= What needs to be done =
When the line containing "stool at (0.455, 0.064, 2.344)" is reached, copy it and each subsequent line of the material below exactly, through the last line.

◇ ◇ ◇ ◇ ◇

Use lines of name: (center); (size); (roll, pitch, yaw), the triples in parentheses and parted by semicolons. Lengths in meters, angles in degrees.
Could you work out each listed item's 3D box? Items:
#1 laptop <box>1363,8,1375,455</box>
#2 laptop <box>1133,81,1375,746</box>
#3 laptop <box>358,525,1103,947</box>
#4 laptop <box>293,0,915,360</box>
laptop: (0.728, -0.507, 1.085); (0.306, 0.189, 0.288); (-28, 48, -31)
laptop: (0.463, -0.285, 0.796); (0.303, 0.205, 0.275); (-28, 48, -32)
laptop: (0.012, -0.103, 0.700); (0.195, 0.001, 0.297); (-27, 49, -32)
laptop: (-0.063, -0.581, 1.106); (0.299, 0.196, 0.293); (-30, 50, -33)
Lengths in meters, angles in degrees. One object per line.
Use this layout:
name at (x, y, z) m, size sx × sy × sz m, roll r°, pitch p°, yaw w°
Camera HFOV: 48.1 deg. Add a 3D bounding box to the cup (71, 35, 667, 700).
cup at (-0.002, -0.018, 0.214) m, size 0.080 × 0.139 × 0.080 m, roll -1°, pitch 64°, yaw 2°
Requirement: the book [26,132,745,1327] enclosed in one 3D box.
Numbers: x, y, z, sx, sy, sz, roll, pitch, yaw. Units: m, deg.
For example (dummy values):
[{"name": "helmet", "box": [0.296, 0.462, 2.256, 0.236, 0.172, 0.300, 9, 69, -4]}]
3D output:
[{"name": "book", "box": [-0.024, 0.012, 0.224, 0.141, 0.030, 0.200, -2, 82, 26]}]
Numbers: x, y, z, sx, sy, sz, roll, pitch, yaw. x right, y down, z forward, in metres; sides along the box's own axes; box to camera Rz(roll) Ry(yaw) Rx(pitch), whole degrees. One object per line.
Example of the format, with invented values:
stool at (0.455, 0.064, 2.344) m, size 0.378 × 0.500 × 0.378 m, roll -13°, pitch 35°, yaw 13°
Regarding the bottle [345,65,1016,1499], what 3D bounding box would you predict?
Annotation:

◇ ◇ ◇ ◇ ◇

= Written solution =
stool at (0.455, 0.064, 2.344) m, size 0.378 × 0.500 × 0.378 m, roll -13°, pitch 35°, yaw 13°
Regarding the bottle [345,65,1016,1499], what 3D bounding box would you predict?
Annotation:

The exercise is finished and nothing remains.